Since moving to Cleveland five years ago, Mosley, the former singer for the alternative rock band Faith No More and the hardcore group Bad Brains, has focused on two things -- holding down a job and raising a family. With his short dreadlocks shaved into a mohawk, both ears double-pierced, and his long-sleeved shirt barely covering the tattoos on his arms, Mosley still looks the part of a punk rocker. And even though he just turned 41, he's starting to get that itch again.
Two months ago, he promised himself that he would have at least one of the songs he recorded with his new band Vandals Ugainst Alliteracy posted on the Internet as a downloadable MP3. He's also preparing a five-song demo tape that he plans to take with him to California in the hope of getting interest from a label. And the group, which has performed only a handful of times since its inception three years ago, will play on January 6 at the Blind Lemon. Mosley's even talking about going on tour.
"When I moved out here, I promised that our second daughter would be three or four before I started getting back into music," he says. "I took jobs and made my way up to chef at this place -- which doesn't seem like much, but it's actually a decent place. This week, we're making red snapper on top of mashed potatoes with red wine. It's really fancy and stuff."
Born in Echo Park, California, a mostly Hispanic community in East Hollywood, Mosley was adopted as a child by parents whose ethnic identity mirrored that of his natural parents. His father was African American and Native American, and his mother was Jewish. He says he's only recently learned that his natural mom owned a record store and his dad was a musician. During the late '70s, as a teenager, he started playing in the Animated, a Dickies-style pop punk band. That's when he met bassist Billy Gould, who would later move to Berkeley, California, and start Faith No More. When Faith No More got rid of its original singer, Mosley joined and sang on the band's first two albums (he sang the hit "We Care a Lot"). He was fired in 1988; after his departure, the group recruited Mike Patton and went on to even more fame.
"Every day there's a certain amount of bitterness," Mosley says, of his premature dismissal. "But for a good part of the time I was with them, I was pretty miserable. We were always fighting, and they always had to have someone to pick on -- and that person was me. It all started when we were on our first tour, and I told them they needed to do more variety. I grew up listening to Motown stuff, the Stones, the Beatles, Billie Holiday -- and when punk rock came along, I was into that, too."

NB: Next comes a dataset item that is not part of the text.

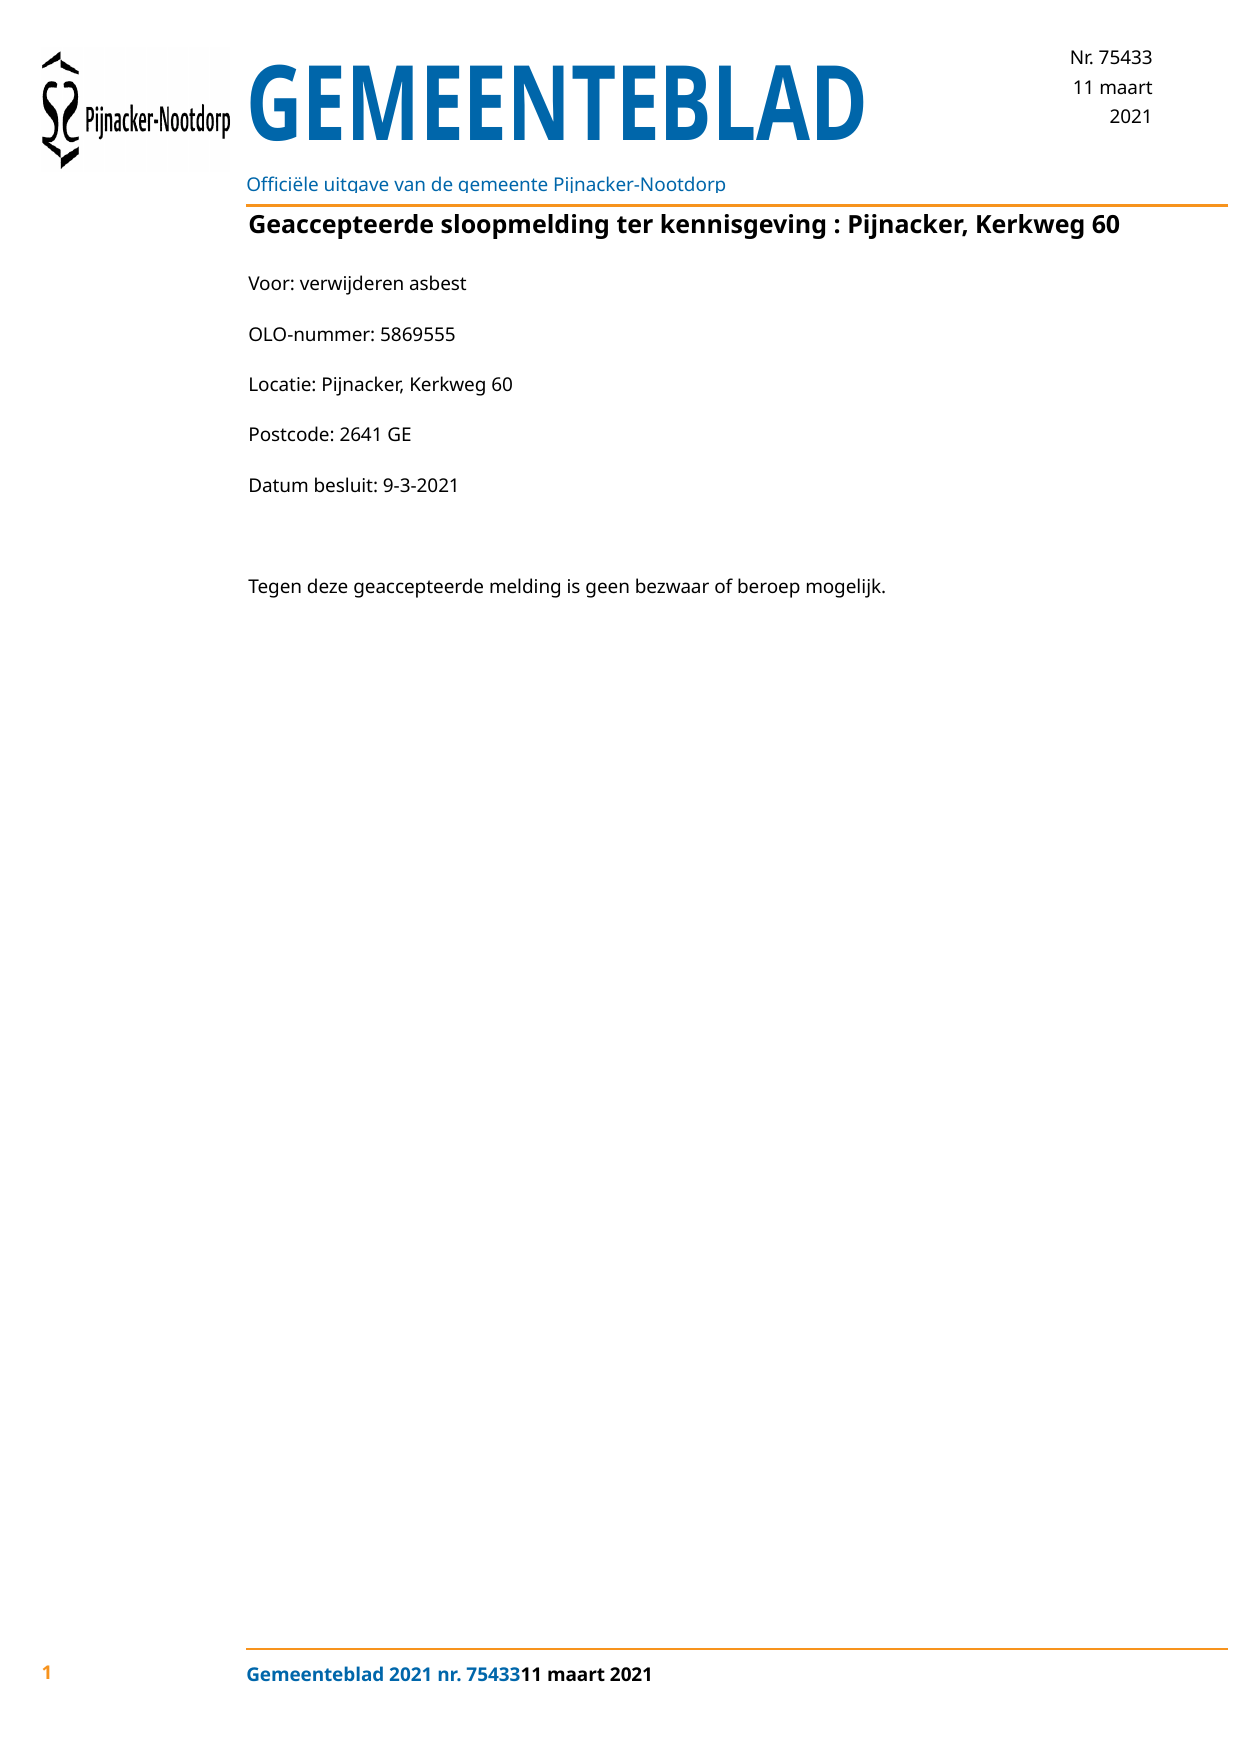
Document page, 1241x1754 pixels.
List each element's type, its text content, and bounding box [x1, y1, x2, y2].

After working as a roadie for the L.A. glam punk band Celebrity Skin in the late '80s, Mosley fronted Bad Brains for a year and started another band called Cement. He moved to Cleveland because he had a few friends here and figured it would be a better place to raise his family. When drummer Doug Duffy, a friend of his, moved to Chicago, Mosley figured he'd be close enough to merit working with and recruited Cleveland-based guitarist Tim Parnin, bassist Ed Stevens, and guitarist Matthew Hahn to join him and Duffy. He christened the new group Vandals Ugainst Alliteracy, after a piece of graffiti.
"When I first moved here, it was the first thing I saw on a bathroom wall," Mosley says of the name. "I was in Edison's peeing, and that's what I saw. It was spelled all fucked up like that. I thought it was funny. It cracked me up, coming from the most powerful and most stupid country in the world -- I thought it kinda applies and made sense to me."
The five songs on the demo have that funk punk sound that bands such as Jane's Addiction, the Red Hot Chili Peppers, and Fishbone concocted in L.A. in the early '80s. While mixing different styles doesn't sound as fresh now as it once did (especially since the dumbed-down rap-metal hybrid has tainted the entire notion of combining black and white musical styles), VUA does it well. After all, few singers can both shout and croon like Mosley, who admits he isn't sure if VUA has a place in today's modern rock scene.
"I don't know if we do fit in," Mosley says. "But it's my life. I have this chef thing to fall back on, but I'll still always be playing. I don't really know what's vital to these times."